Diamond/Cu composites are developed as a solution to the challenge of dissipating heat in electronic devices, due to the potential to have a high thermal conductivity (TC) and a coefficient of thermal expansion (CTE) close to that of the electronic devices. In this study, Ti-coated diamond/Cu composites were fabricated by hot forging. Fabrication parameters were manipulated by altering the volume fraction of diamond and adjusting the hot forging temperature to determine the optimal combination of parameters to produce Ti-coated diamond/Cu composites with high TC. The microstructure of the hot-forged composites and the interface characteristics were characterized by SEM, and the interfacial bond strength between the copper and the diamond was assessed based on tensile test results.
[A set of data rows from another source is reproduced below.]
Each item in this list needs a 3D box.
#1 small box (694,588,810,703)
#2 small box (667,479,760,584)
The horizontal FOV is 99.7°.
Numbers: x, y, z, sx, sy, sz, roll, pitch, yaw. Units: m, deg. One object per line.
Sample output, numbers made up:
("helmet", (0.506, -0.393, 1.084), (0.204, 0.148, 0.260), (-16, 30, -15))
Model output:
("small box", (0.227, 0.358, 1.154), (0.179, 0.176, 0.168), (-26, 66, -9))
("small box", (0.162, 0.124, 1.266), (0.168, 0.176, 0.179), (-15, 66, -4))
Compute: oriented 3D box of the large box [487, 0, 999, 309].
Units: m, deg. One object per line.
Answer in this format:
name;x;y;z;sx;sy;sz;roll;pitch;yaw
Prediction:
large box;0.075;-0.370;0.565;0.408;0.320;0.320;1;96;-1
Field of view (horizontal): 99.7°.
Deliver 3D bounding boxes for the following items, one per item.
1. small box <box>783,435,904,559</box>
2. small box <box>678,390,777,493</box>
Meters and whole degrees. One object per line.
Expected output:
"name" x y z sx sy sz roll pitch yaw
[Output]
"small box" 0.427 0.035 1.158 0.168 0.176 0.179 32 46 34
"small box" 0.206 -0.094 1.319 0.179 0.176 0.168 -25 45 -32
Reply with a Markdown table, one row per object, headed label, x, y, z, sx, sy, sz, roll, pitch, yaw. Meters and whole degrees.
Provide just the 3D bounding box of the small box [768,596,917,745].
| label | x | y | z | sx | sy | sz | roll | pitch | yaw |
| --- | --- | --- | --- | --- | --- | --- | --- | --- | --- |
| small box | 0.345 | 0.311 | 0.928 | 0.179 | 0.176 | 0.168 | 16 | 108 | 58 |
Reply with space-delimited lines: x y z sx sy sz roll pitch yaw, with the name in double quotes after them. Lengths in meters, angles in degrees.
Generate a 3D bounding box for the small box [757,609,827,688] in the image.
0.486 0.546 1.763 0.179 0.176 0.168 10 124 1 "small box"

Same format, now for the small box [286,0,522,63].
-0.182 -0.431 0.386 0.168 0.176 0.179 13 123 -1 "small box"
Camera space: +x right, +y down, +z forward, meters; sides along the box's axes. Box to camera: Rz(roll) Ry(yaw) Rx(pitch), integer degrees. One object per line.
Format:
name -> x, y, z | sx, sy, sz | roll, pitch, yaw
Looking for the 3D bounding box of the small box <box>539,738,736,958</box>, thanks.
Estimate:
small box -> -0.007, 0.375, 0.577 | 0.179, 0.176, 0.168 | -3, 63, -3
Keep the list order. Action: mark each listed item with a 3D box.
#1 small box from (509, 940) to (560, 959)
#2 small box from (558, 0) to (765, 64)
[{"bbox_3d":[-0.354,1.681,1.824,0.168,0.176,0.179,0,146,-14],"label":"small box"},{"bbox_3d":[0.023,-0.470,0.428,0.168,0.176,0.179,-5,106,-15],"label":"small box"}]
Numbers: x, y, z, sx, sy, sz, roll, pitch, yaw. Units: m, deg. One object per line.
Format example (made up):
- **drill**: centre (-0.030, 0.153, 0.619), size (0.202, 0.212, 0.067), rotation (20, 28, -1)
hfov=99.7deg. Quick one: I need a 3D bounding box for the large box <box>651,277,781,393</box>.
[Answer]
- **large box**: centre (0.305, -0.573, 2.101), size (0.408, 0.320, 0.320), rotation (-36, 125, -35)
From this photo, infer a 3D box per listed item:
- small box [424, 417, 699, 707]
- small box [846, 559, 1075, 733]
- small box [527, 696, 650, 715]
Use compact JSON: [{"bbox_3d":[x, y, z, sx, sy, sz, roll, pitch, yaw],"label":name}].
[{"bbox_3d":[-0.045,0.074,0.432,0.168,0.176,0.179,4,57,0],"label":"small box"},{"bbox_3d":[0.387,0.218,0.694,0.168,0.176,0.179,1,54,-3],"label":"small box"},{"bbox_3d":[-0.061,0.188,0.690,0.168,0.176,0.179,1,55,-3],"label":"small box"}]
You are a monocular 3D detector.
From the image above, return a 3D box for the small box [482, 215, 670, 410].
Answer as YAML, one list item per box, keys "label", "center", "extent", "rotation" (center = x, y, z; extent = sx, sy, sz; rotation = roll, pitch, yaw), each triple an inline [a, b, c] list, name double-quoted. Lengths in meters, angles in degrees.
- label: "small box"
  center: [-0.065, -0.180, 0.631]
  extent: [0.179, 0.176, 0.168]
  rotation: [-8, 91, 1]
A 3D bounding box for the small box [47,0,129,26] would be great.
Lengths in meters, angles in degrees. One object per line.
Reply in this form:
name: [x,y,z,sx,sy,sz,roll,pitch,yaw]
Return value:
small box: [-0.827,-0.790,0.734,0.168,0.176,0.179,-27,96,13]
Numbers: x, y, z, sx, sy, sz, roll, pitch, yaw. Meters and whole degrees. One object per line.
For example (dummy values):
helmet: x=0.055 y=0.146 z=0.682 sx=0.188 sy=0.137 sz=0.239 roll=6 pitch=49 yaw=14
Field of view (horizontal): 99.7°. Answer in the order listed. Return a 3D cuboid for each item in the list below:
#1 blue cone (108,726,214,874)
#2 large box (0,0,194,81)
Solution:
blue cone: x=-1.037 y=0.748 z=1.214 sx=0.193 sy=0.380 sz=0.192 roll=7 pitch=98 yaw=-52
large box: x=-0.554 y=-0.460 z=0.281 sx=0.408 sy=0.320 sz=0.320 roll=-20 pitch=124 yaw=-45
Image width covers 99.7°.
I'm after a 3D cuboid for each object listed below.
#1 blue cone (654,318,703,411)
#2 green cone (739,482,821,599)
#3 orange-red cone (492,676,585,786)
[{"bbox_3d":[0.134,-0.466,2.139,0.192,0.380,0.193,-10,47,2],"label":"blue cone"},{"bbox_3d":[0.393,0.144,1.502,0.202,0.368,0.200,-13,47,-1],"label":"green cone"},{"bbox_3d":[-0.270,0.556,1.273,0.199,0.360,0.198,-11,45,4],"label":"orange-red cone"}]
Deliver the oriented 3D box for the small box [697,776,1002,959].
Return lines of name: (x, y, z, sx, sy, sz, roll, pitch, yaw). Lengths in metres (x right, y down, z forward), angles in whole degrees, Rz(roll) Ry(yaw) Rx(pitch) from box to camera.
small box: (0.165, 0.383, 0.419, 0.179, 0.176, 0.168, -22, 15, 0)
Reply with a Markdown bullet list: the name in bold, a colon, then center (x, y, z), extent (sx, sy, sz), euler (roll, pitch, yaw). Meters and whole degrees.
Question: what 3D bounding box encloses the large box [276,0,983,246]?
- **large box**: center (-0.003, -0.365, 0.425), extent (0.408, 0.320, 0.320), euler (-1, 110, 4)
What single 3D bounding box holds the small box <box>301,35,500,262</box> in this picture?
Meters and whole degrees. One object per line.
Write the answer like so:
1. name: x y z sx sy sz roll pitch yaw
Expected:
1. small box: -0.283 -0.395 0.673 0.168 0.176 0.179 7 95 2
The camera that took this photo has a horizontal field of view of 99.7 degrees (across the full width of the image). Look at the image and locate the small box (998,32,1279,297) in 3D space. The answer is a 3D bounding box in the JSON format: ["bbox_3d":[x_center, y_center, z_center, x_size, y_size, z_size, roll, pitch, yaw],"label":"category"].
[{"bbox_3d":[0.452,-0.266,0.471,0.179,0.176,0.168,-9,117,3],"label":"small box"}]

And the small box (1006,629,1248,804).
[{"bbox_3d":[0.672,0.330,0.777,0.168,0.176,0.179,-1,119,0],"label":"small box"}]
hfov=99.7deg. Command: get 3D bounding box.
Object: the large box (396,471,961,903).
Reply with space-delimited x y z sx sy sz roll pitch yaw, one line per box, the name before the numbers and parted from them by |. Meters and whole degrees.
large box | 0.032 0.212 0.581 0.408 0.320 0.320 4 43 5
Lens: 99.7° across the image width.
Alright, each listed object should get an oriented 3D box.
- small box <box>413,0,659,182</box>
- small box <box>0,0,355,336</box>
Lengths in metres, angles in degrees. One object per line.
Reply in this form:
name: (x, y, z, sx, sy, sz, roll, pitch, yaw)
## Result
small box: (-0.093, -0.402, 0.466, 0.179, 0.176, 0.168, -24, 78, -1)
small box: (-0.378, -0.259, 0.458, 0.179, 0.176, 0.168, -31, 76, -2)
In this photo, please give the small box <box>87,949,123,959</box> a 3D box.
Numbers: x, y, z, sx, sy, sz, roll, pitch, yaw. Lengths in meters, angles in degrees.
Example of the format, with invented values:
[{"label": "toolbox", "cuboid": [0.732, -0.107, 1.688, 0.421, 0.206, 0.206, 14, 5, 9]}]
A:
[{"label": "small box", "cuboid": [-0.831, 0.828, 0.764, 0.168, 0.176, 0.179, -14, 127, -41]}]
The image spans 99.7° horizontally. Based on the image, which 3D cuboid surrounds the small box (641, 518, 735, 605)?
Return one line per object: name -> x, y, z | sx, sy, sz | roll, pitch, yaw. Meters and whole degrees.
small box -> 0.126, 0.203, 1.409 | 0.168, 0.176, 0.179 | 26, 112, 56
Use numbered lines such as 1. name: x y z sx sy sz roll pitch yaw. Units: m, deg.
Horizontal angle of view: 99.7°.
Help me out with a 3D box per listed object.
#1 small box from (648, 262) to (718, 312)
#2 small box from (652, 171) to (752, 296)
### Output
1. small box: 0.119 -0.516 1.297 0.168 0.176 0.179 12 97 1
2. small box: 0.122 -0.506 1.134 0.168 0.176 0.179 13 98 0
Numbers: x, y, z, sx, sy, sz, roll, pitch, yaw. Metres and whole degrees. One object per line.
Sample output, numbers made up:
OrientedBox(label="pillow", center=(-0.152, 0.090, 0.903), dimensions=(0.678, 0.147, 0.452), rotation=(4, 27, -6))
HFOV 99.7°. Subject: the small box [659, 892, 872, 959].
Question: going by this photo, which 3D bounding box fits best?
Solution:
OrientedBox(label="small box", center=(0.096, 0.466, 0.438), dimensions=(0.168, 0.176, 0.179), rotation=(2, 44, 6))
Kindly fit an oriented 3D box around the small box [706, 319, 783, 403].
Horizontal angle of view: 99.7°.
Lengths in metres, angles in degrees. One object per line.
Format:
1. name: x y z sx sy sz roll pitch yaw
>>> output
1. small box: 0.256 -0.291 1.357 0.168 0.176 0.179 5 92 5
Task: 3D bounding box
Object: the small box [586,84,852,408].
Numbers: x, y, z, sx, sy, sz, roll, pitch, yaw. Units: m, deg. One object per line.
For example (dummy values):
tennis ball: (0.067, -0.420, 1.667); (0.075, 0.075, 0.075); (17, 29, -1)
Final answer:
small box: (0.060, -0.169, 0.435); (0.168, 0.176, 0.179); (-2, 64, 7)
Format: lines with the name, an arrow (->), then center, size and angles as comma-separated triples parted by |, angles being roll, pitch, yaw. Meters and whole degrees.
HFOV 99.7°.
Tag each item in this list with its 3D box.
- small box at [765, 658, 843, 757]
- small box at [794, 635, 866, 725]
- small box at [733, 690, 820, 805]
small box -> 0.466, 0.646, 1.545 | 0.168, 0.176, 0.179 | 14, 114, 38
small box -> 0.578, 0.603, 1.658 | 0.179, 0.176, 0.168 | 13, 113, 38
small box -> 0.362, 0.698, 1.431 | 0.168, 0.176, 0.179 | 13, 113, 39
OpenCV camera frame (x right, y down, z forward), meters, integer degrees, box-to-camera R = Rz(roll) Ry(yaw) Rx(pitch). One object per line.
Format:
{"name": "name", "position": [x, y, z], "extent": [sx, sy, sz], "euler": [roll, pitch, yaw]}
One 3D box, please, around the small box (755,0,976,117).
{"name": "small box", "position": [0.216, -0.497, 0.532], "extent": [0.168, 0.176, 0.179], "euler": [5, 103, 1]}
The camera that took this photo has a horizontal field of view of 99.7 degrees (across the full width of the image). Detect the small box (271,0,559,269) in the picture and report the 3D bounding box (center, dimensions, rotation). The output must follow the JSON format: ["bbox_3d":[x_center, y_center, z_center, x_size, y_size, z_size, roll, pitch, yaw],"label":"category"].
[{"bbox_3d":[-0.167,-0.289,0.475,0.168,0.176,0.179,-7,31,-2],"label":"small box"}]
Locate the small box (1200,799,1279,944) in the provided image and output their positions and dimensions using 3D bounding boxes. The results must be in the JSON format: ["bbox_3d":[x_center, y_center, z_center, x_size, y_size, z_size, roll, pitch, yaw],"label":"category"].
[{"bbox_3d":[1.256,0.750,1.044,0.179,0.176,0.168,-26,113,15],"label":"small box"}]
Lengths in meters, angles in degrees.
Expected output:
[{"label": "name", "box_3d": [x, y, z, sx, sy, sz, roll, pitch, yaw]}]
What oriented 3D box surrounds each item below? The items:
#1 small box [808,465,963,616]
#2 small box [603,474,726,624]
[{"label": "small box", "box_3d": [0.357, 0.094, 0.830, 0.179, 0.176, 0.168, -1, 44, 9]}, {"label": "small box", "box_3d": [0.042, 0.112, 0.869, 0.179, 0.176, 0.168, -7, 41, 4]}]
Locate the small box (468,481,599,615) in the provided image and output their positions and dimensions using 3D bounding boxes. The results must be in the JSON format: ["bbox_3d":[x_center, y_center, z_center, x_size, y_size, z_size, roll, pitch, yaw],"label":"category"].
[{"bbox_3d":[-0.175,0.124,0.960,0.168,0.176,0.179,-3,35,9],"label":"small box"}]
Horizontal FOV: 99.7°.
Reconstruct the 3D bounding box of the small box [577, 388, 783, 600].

Compared to other fabrication temperatures of 700 °C and 850 °C, 800 °C is the optimal hot forging temperature to facilitate the dynamic formation of TiC interface layer and ensure a high interface coverage rate on the diamond particles. Additionally, the volume fraction of diamond affects the interface microstructure and TC of the hot-forged composites by affecting the heating behaviour of the composites during induction heating. As a result, 800 °C hot-forged composites with a composition of 45vol%Ti-coated diamond achieved the highest TC (455 W/mK) among the fabricated composites and exhibited good ductility at a high tensile strength of 124 MPa. The findings indicate that the high TC of the Ti-coated diamond/Cu composites are ensured by the synergy of uniform distribution of diamond in the matrix, a rough interface, and strong interfacial bonding between the copper and the diamond. This paper provides insights into the TiC interface formation mechanisms occurring during the induction heating and hot forging fabrication process.